-- DATA EXTRACT --
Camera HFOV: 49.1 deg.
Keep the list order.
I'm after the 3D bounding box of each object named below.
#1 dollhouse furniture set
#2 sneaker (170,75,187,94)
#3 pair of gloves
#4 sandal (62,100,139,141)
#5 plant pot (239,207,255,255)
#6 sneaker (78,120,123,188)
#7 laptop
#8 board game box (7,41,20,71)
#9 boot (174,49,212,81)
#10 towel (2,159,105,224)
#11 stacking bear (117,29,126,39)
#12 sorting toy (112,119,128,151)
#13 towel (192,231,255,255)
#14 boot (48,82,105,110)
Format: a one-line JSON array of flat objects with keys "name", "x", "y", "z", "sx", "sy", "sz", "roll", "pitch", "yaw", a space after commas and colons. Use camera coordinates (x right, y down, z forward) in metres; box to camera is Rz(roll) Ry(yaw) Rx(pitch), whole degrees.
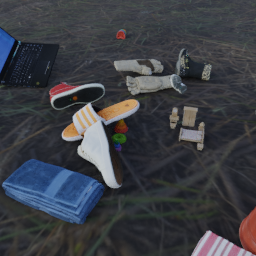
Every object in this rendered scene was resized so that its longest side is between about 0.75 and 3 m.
[{"name": "dollhouse furniture set", "x": 1.712, "y": -0.041, "z": 8.218, "sx": 1.076, "sy": 0.616, "sz": 1.261, "roll": 8, "pitch": 37, "yaw": 11}, {"name": "sneaker", "x": 1.682, "y": -1.571, "z": 9.903, "sx": 0.450, "sy": 1.123, "sz": 0.395, "roll": 37, "pitch": 92, "yaw": 34}, {"name": "pair of gloves", "x": 0.674, "y": -2.105, "z": 11.173, "sx": 2.043, "sy": 0.421, "sz": 2.403, "roll": -10, "pitch": 42, "yaw": -20}, {"name": "sandal", "x": -0.893, "y": -0.473, "z": 8.317, "sx": 2.488, "sy": 0.713, "sz": 0.953, "roll": -26, "pitch": 33, "yaw": -9}, {"name": "plant pot", "x": 2.981, "y": 1.726, "z": 5.170, "sx": 1.450, "sy": 1.410, "sz": 1.450, "roll": 0, "pitch": 37, "yaw": 0}, {"name": "sneaker", "x": -0.752, "y": 0.776, "z": 7.196, "sx": 0.918, "sy": 0.790, "sz": 2.169, "roll": -28, "pitch": 42, "yaw": 6}, {"name": "laptop", "x": -4.385, "y": -2.975, "z": 10.870, "sx": 2.749, "sy": 1.420, "sz": 2.436, "roll": 4, "pitch": 58, "yaw": 4}, {"name": "board game box", "x": -5.487, "y": -3.153, "z": 12.463, "sx": 1.716, "sy": 0.533, "sz": 2.273, "roll": -14, "pitch": 39, "yaw": -19}, {"name": "boot", "x": 2.741, "y": -2.603, "z": 11.632, "sx": 1.426, "sy": 0.681, "sz": 1.888, "roll": 12, "pitch": 44, "yaw": 12}, {"name": "towel", "x": -1.693, "y": 1.360, "z": 6.415, "sx": 2.115, "sy": 0.513, "sz": 1.181, "roll": 14, "pitch": 38, "yaw": 18}, {"name": "stacking bear", "x": -0.304, "y": -5.189, "z": 15.343, "sx": 0.470, "sy": 0.440, "sz": 0.774, "roll": 7, "pitch": 32, "yaw": 9}, {"name": "sorting toy", "x": -0.257, "y": 0.123, "z": 8.154, "sx": 0.436, "sy": 0.433, "sz": 1.258, "roll": 4, "pitch": 36, "yaw": 5}, {"name": "towel", "x": 1.878, "y": 2.684, "z": 4.899, "sx": 1.681, "sy": 0.251, "sz": 1.230, "roll": 23, "pitch": 42, "yaw": 32}, {"name": "boot", "x": -1.877, "y": -1.394, "z": 10.022, "sx": 1.903, "sy": 0.689, "sz": 1.373, "roll": -15, "pitch": 38, "yaw": -14}]

-- EXERCISE REQUIREMENTS --
Only the text of the entries above, transcribed exactly, should be given; leave out pictures.

-- TASK RESPONSE --
Camera HFOV: 49.1 deg.
Keep the list order.
I'm after the 3D bounding box of each object named below.
#1 dollhouse furniture set
#2 sneaker (170,75,187,94)
#3 pair of gloves
#4 sandal (62,100,139,141)
#5 plant pot (239,207,255,255)
#6 sneaker (78,120,123,188)
#7 laptop
#8 board game box (7,41,20,71)
#9 boot (174,49,212,81)
#10 towel (2,159,105,224)
#11 stacking bear (117,29,126,39)
#12 sorting toy (112,119,128,151)
#13 towel (192,231,255,255)
#14 boot (48,82,105,110)
Format: a one-line JSON array of flat objects with keys "name", "x", "y", "z", "sx", "sy", "sz", "roll", "pitch", "yaw", a space after commas and colons. Use camera coordinates (x right, y down, z forward) in metres; box to camera is Rz(roll) Ry(yaw) Rx(pitch), whole degrees.
Every object in this rendered scene was resized so that its longest side is between about 0.75 and 3 m.
[{"name": "dollhouse furniture set", "x": 1.712, "y": -0.041, "z": 8.218, "sx": 1.076, "sy": 0.616, "sz": 1.261, "roll": 8, "pitch": 37, "yaw": 11}, {"name": "sneaker", "x": 1.682, "y": -1.571, "z": 9.903, "sx": 0.450, "sy": 1.123, "sz": 0.395, "roll": 37, "pitch": 92, "yaw": 34}, {"name": "pair of gloves", "x": 0.674, "y": -2.105, "z": 11.173, "sx": 2.043, "sy": 0.421, "sz": 2.403, "roll": -10, "pitch": 42, "yaw": -20}, {"name": "sandal", "x": -0.893, "y": -0.473, "z": 8.317, "sx": 2.488, "sy": 0.713, "sz": 0.953, "roll": -26, "pitch": 33, "yaw": -9}, {"name": "plant pot", "x": 2.981, "y": 1.726, "z": 5.170, "sx": 1.450, "sy": 1.410, "sz": 1.450, "roll": 0, "pitch": 37, "yaw": 0}, {"name": "sneaker", "x": -0.752, "y": 0.776, "z": 7.196, "sx": 0.918, "sy": 0.790, "sz": 2.169, "roll": -28, "pitch": 42, "yaw": 6}, {"name": "laptop", "x": -4.385, "y": -2.975, "z": 10.870, "sx": 2.749, "sy": 1.420, "sz": 2.436, "roll": 4, "pitch": 58, "yaw": 4}, {"name": "board game box", "x": -5.487, "y": -3.153, "z": 12.463, "sx": 1.716, "sy": 0.533, "sz": 2.273, "roll": -14, "pitch": 39, "yaw": -19}, {"name": "boot", "x": 2.741, "y": -2.603, "z": 11.632, "sx": 1.426, "sy": 0.681, "sz": 1.888, "roll": 12, "pitch": 44, "yaw": 12}, {"name": "towel", "x": -1.693, "y": 1.360, "z": 6.415, "sx": 2.115, "sy": 0.513, "sz": 1.181, "roll": 14, "pitch": 38, "yaw": 18}, {"name": "stacking bear", "x": -0.304, "y": -5.189, "z": 15.343, "sx": 0.470, "sy": 0.440, "sz": 0.774, "roll": 7, "pitch": 32, "yaw": 9}, {"name": "sorting toy", "x": -0.257, "y": 0.123, "z": 8.154, "sx": 0.436, "sy": 0.433, "sz": 1.258, "roll": 4, "pitch": 36, "yaw": 5}, {"name": "towel", "x": 1.878, "y": 2.684, "z": 4.899, "sx": 1.681, "sy": 0.251, "sz": 1.230, "roll": 23, "pitch": 42, "yaw": 32}, {"name": "boot", "x": -1.877, "y": -1.394, "z": 10.022, "sx": 1.903, "sy": 0.689, "sz": 1.373, "roll": -15, "pitch": 38, "yaw": -14}]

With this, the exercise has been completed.